Mother Linnea’s Remembrance

438
Lucinda Palme

Mother Linnea’s Remembrance

Linnea Kaspersen and Jonas Kellerman has shopped and dined at Nordstan the centre of shoppers, diners and idlers; and came out of the shopping mall towards Brunnspark. On the footbridge connecting Nordstan and Brunnspark, there has been a busker strumming his guitar. A tune from the instrument touched Linnea, at the same time her husband Jonas’ mobile phone rang. Excitedly, he plunged his hand into his trenchcoat and pulled out the phone and saw who the caller was. He looked at his wife, and said, “My second daughter from LA.” He excused himself from his wife, and nudged aside from the footbridge to the trees-dotted area in the patch of Brunnspark.

The busker strummed.

Linnea stood by the busker, listening to his music but watching the burst of happiness on her husband’s face. Another tune from the guitar of the busker touched Linnea. She remembered to talk her son, her only child, and she pulled out her mobile phone from her knee-length faux pas furcoat and called him. The phone was ringing to connect the mother and son. She knows, her son always answers her calls. He is always there for her rather than she had been for him. She greeted him, confidently, “Karl!”

“This is not Karl, Karl’s wife,” the American-Swedish daughter-in-law Caroline replied.

“Where is Karl?” she asked, surprised. Karl’s utterance of ‘mamma’ is always a sweet melodic sound for her that dignified her existence.

“He is in Cern.”

“Cern?” Linnea is pleasantly surprised that her son has made it to the happening place on particle physics in the world: CERN.

“Yes.”

“He didn’t tell me,” Linnea said.

“He tried to call you. Like always, you were unreachable for him, I guess.”

“But,” Linnea said, and lost for words, what to say. She realized that she had many unanswered calls on her phone, and her son’s number was also in the non-priority list. She felt a stab of sword in her stomach from her daughter-in-law’s words: ‘like always, you were unreachable for him’.

“We’re moving to Switzerland.”

“What?”

“Yes. Karl at Cern, I will be working for a bank in Geneva.”

“Can I call him?”

“Of course, it is…”

“Can you text me, please.”

“Sure. I always think why he adores you so much…though you were hardly there in his life. He even took his old photo of both of you with him,” daughter-in-law said.

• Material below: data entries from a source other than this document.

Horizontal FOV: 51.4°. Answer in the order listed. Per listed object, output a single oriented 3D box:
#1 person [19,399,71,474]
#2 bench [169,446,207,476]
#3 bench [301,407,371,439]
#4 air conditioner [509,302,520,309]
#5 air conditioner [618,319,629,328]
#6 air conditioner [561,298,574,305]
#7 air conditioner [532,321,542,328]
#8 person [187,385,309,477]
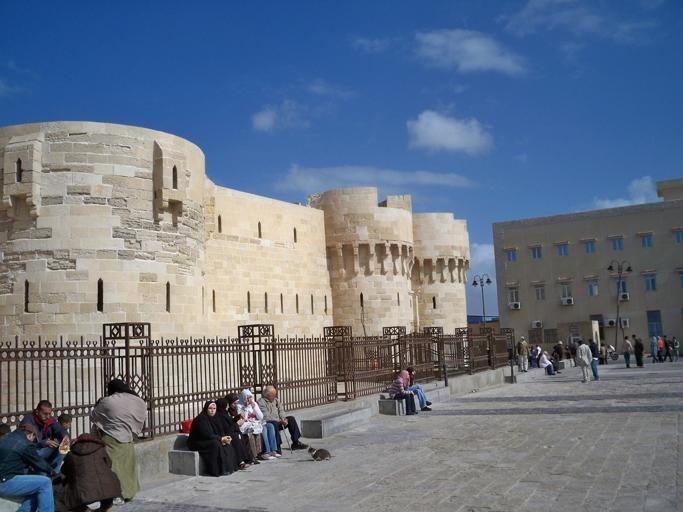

Linnea felt the stab of sword going deeper into her stomach. The fact is she could not counter her statement ‘you were hardly there in his life’ for it is a fact. Mother Linnea failed to respond to her son’s pleas for money during his teenage and 20s, to be with him in the hospital when he was bed-ridden, and to be with him or visit him as the grandmother of his children, ceremonially or otherwise. She always had something to tell him and excuse herself in responding to him, something tangibly important that she could not afford to miss. With time, he stopped calling for her for help but he always answered her calls. The distance between the mother and the son grew as the son has grown shifting his life between his mother and father before he found his grounding in the world around him in Sweden.

With the passage of time, Karl started to feel the miraculous beauty in humans and the ruthless selfishness in humans in equal measure, mother or father. He started to discover his grounding, elsewhere, away from mother and father. Yet he adored them from a distance for that is the least a human can do to a parent(s) for bringing one into the world.

“You don’t know what we know,” Linnea said suppressing her anger erupting in her like lava of a dormant volcano but erupting.

“I know what you don’t know. I spent more time with him than you have spent,” daughter-in-law asserted. “In quality, and in quantity.”

“Okay.”

The music from the busker sounded to Linnea just like any other sound.

“Have a good evening,” daughter-in-law said. “Though it is drizzling.”

It was November. It was cold, and drizzling.

“I will,” Linnea uttered, and slowly dropped her phone into the pocket of her furcoat.

The busker was still strumming his guitar. Her husband was still on the phone. She noticed the dance of happiness on his face, she saw how he manoeuvred his life fairly successfully with his children while she drifted from one man to another man without her son in the priority list. She felt angry at herself: for her vulnerability to a companion at the expense of her son.

And a tune from the busker’s guitar tickled Linnea, deep down in her heart: ‘it is never late, dear human’.